WHAT YOU HAVE TO DO ::
Reproduce each entry exactly.
# # # # #
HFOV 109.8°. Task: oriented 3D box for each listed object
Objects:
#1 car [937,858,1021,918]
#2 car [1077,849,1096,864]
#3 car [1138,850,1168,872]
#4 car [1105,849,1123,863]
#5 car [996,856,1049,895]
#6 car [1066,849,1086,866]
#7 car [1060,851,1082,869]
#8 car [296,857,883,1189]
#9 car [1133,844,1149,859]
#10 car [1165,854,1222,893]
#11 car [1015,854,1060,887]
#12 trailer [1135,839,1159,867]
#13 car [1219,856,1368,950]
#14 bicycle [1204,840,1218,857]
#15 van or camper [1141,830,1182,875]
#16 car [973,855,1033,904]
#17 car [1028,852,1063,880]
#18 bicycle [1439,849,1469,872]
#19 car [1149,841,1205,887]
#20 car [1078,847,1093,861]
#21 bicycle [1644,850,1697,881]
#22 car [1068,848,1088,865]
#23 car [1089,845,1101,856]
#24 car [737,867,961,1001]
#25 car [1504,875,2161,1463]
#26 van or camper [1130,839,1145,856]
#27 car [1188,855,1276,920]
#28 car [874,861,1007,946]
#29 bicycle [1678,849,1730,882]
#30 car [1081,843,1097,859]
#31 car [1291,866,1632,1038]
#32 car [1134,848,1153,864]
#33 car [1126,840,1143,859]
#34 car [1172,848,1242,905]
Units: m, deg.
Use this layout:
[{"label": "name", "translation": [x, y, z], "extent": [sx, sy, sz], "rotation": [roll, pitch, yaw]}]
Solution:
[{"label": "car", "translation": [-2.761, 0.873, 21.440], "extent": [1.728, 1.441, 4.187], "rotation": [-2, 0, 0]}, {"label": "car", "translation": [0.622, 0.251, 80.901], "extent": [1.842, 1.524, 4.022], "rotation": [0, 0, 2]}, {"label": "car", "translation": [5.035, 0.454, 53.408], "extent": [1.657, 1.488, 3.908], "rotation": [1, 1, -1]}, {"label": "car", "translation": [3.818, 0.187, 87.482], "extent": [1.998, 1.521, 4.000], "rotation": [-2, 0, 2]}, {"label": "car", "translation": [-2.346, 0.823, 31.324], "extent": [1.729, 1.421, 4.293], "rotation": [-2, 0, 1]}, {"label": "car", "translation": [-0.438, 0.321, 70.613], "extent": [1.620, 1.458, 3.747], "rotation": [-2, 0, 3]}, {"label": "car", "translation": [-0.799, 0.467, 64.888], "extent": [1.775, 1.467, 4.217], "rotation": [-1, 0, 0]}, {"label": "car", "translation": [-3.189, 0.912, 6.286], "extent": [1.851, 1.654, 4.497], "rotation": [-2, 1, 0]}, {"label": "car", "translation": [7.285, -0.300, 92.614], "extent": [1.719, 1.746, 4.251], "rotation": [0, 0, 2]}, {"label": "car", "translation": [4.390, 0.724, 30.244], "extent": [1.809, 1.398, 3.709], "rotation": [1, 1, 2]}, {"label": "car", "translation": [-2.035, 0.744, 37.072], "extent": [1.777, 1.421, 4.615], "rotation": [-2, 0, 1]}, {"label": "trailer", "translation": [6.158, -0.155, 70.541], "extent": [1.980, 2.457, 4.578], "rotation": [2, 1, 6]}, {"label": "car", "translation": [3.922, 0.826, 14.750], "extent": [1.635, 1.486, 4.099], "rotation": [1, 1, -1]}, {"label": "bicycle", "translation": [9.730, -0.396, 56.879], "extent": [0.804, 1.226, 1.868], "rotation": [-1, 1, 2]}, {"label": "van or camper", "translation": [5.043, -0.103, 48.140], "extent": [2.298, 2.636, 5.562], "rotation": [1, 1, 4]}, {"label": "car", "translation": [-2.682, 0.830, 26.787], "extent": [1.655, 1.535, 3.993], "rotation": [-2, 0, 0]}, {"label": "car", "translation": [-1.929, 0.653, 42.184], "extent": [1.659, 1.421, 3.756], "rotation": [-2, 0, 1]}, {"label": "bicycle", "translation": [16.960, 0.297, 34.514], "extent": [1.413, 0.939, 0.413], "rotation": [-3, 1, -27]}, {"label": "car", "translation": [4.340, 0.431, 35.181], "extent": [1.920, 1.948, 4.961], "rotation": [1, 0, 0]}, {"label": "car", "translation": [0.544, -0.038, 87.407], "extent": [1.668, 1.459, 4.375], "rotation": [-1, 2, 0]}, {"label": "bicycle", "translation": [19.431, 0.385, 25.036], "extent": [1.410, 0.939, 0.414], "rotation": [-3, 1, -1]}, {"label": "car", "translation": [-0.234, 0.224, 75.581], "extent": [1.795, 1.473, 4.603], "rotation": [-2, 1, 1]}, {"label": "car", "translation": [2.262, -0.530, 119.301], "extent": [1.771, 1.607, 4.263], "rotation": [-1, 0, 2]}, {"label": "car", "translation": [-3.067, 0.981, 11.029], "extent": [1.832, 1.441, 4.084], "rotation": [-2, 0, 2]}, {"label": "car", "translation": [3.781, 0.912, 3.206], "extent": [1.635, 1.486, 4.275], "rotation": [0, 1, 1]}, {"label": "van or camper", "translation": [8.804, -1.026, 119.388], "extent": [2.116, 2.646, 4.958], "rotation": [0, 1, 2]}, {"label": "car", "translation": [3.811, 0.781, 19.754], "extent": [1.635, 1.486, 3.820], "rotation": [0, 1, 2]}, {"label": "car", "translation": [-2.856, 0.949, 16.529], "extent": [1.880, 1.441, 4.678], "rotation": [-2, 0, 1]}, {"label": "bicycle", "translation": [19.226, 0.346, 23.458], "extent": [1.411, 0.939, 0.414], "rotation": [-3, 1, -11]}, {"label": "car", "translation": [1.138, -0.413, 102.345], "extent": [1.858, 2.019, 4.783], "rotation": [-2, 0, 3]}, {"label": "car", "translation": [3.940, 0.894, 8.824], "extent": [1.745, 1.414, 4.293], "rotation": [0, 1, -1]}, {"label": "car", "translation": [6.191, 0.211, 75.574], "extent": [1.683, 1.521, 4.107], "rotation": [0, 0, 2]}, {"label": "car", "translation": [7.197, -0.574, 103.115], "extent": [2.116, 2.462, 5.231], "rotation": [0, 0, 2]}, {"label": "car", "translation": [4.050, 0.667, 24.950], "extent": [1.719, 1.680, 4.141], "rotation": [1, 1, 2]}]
# # # # #
THE ANSWER ::
HFOV 109.8°. Task: oriented 3D box for each listed object
Objects:
#1 car [937,858,1021,918]
#2 car [1077,849,1096,864]
#3 car [1138,850,1168,872]
#4 car [1105,849,1123,863]
#5 car [996,856,1049,895]
#6 car [1066,849,1086,866]
#7 car [1060,851,1082,869]
#8 car [296,857,883,1189]
#9 car [1133,844,1149,859]
#10 car [1165,854,1222,893]
#11 car [1015,854,1060,887]
#12 trailer [1135,839,1159,867]
#13 car [1219,856,1368,950]
#14 bicycle [1204,840,1218,857]
#15 van or camper [1141,830,1182,875]
#16 car [973,855,1033,904]
#17 car [1028,852,1063,880]
#18 bicycle [1439,849,1469,872]
#19 car [1149,841,1205,887]
#20 car [1078,847,1093,861]
#21 bicycle [1644,850,1697,881]
#22 car [1068,848,1088,865]
#23 car [1089,845,1101,856]
#24 car [737,867,961,1001]
#25 car [1504,875,2161,1463]
#26 van or camper [1130,839,1145,856]
#27 car [1188,855,1276,920]
#28 car [874,861,1007,946]
#29 bicycle [1678,849,1730,882]
#30 car [1081,843,1097,859]
#31 car [1291,866,1632,1038]
#32 car [1134,848,1153,864]
#33 car [1126,840,1143,859]
#34 car [1172,848,1242,905]
Units: m, deg.
Use this layout:
[{"label": "name", "translation": [x, y, z], "extent": [sx, sy, sz], "rotation": [roll, pitch, yaw]}]
Solution:
[{"label": "car", "translation": [-2.761, 0.873, 21.440], "extent": [1.728, 1.441, 4.187], "rotation": [-2, 0, 0]}, {"label": "car", "translation": [0.622, 0.251, 80.901], "extent": [1.842, 1.524, 4.022], "rotation": [0, 0, 2]}, {"label": "car", "translation": [5.035, 0.454, 53.408], "extent": [1.657, 1.488, 3.908], "rotation": [1, 1, -1]}, {"label": "car", "translation": [3.818, 0.187, 87.482], "extent": [1.998, 1.521, 4.000], "rotation": [-2, 0, 2]}, {"label": "car", "translation": [-2.346, 0.823, 31.324], "extent": [1.729, 1.421, 4.293], "rotation": [-2, 0, 1]}, {"label": "car", "translation": [-0.438, 0.321, 70.613], "extent": [1.620, 1.458, 3.747], "rotation": [-2, 0, 3]}, {"label": "car", "translation": [-0.799, 0.467, 64.888], "extent": [1.775, 1.467, 4.217], "rotation": [-1, 0, 0]}, {"label": "car", "translation": [-3.189, 0.912, 6.286], "extent": [1.851, 1.654, 4.497], "rotation": [-2, 1, 0]}, {"label": "car", "translation": [7.285, -0.300, 92.614], "extent": [1.719, 1.746, 4.251], "rotation": [0, 0, 2]}, {"label": "car", "translation": [4.390, 0.724, 30.244], "extent": [1.809, 1.398, 3.709], "rotation": [1, 1, 2]}, {"label": "car", "translation": [-2.035, 0.744, 37.072], "extent": [1.777, 1.421, 4.615], "rotation": [-2, 0, 1]}, {"label": "trailer", "translation": [6.158, -0.155, 70.541], "extent": [1.980, 2.457, 4.578], "rotation": [2, 1, 6]}, {"label": "car", "translation": [3.922, 0.826, 14.750], "extent": [1.635, 1.486, 4.099], "rotation": [1, 1, -1]}, {"label": "bicycle", "translation": [9.730, -0.396, 56.879], "extent": [0.804, 1.226, 1.868], "rotation": [-1, 1, 2]}, {"label": "van or camper", "translation": [5.043, -0.103, 48.140], "extent": [2.298, 2.636, 5.562], "rotation": [1, 1, 4]}, {"label": "car", "translation": [-2.682, 0.830, 26.787], "extent": [1.655, 1.535, 3.993], "rotation": [-2, 0, 0]}, {"label": "car", "translation": [-1.929, 0.653, 42.184], "extent": [1.659, 1.421, 3.756], "rotation": [-2, 0, 1]}, {"label": "bicycle", "translation": [16.960, 0.297, 34.514], "extent": [1.413, 0.939, 0.413], "rotation": [-3, 1, -27]}, {"label": "car", "translation": [4.340, 0.431, 35.181], "extent": [1.920, 1.948, 4.961], "rotation": [1, 0, 0]}, {"label": "car", "translation": [0.544, -0.038, 87.407], "extent": [1.668, 1.459, 4.375], "rotation": [-1, 2, 0]}, {"label": "bicycle", "translation": [19.431, 0.385, 25.036], "extent": [1.410, 0.939, 0.414], "rotation": [-3, 1, -1]}, {"label": "car", "translation": [-0.234, 0.224, 75.581], "extent": [1.795, 1.473, 4.603], "rotation": [-2, 1, 1]}, {"label": "car", "translation": [2.262, -0.530, 119.301], "extent": [1.771, 1.607, 4.263], "rotation": [-1, 0, 2]}, {"label": "car", "translation": [-3.067, 0.981, 11.029], "extent": [1.832, 1.441, 4.084], "rotation": [-2, 0, 2]}, {"label": "car", "translation": [3.781, 0.912, 3.206], "extent": [1.635, 1.486, 4.275], "rotation": [0, 1, 1]}, {"label": "van or camper", "translation": [8.804, -1.026, 119.388], "extent": [2.116, 2.646, 4.958], "rotation": [0, 1, 2]}, {"label": "car", "translation": [3.811, 0.781, 19.754], "extent": [1.635, 1.486, 3.820], "rotation": [0, 1, 2]}, {"label": "car", "translation": [-2.856, 0.949, 16.529], "extent": [1.880, 1.441, 4.678], "rotation": [-2, 0, 1]}, {"label": "bicycle", "translation": [19.226, 0.346, 23.458], "extent": [1.411, 0.939, 0.414], "rotation": [-3, 1, -11]}, {"label": "car", "translation": [1.138, -0.413, 102.345], "extent": [1.858, 2.019, 4.783], "rotation": [-2, 0, 3]}, {"label": "car", "translation": [3.940, 0.894, 8.824], "extent": [1.745, 1.414, 4.293], "rotation": [0, 1, -1]}, {"label": "car", "translation": [6.191, 0.211, 75.574], "extent": [1.683, 1.521, 4.107], "rotation": [0, 0, 2]}, {"label": "car", "translation": [7.197, -0.574, 103.115], "extent": [2.116, 2.462, 5.231], "rotation": [0, 0, 2]}, {"label": "car", "translation": [4.050, 0.667, 24.950], "extent": [1.719, 1.680, 4.141], "rotation": [1, 1, 2]}]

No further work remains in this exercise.